For investors tracking S-REITs for passive income and long-term capital appreciation, ParkwayLife REIT’s 1Q 2026 results reinforce its reputation as a defensive, inflation-linked income asset. This guide breaks down the numbers, the lease dynamics, and what they mean for your portfolio.

What Is ParkwayLife REIT?

ParkwayLife REIT (C2PU) is Asia’s largest listed healthcare REIT by assets under management. Listed on the Singapore Exchange (SGX) in August 2007, it invests in income-producing real estate used for healthcare and healthcare-related purposes.

Key facts (as at 1Q 2026):

  • Portfolio: 60 properties across Singapore, Japan, and France
  • Singapore assets: 3 private hospitals (Mount Elizabeth, Gleneagles, Parkway East) leased to Parkway Hospitals Singapore (IHH Healthcare group)
  • Japan: 57 nursing homes and care facilities
  • France: 1 nursing home (Les Trois Forêts)
  • Total Assets Under Management: ~S$2.2 billion
  • Manager: Parkway Trust Management Limited (subsidiary of IHH Healthcare)

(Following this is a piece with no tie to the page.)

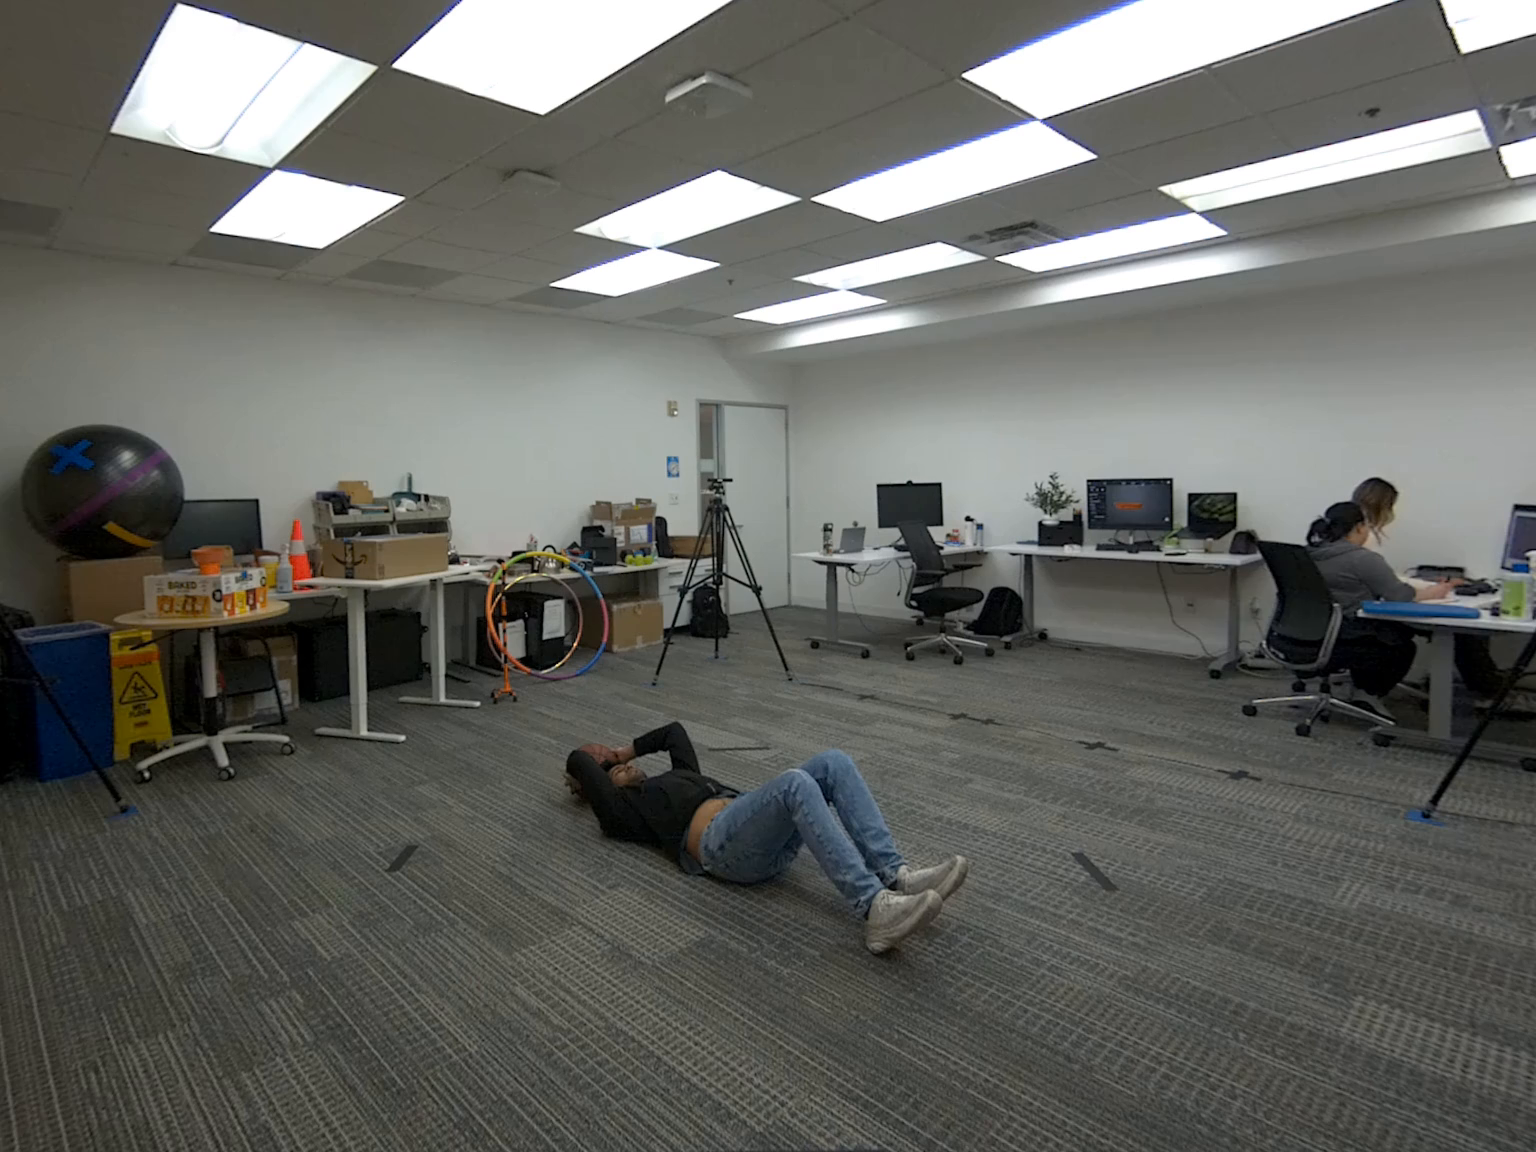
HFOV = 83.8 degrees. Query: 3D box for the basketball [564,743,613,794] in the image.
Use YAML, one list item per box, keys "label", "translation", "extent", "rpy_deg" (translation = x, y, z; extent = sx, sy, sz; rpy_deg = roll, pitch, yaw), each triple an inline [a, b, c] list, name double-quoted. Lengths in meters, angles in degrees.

Its Singapore portfolio generates the majority of distributable income, and the Singapore Master Lease — a long-term contract with IHH — is the cornerstone of its stability. The 2026 lease reset is therefore a pivotal event for unitholders.

1Q 2026 Financial Results at a Glance

ParkwayLife REIT released its 1Q FY2026 Business Update in May 2026. Here are the headline numbers:

Metric 1Q FY2025 1Q FY2026 Change
Gross Revenue S$39.0M S$38.2M −2.1%
Net Property Income (NPI) S$36.8M S$35.8M −2.7%
Distributable Income S$19.5M S$27.5M +41.0%
DPU 3.841¢ 4.42¢ +15.1%

Source: ParkwayLife REIT 1QFY2026 Business Update. All figures in SGD.

While gross revenue and NPI dipped modestly (partly due to JPY weakness affecting Japan portfolio income), distributable income surged 41% on the strength of the higher Singapore Master Lease rent — a structural improvement, not a one-off.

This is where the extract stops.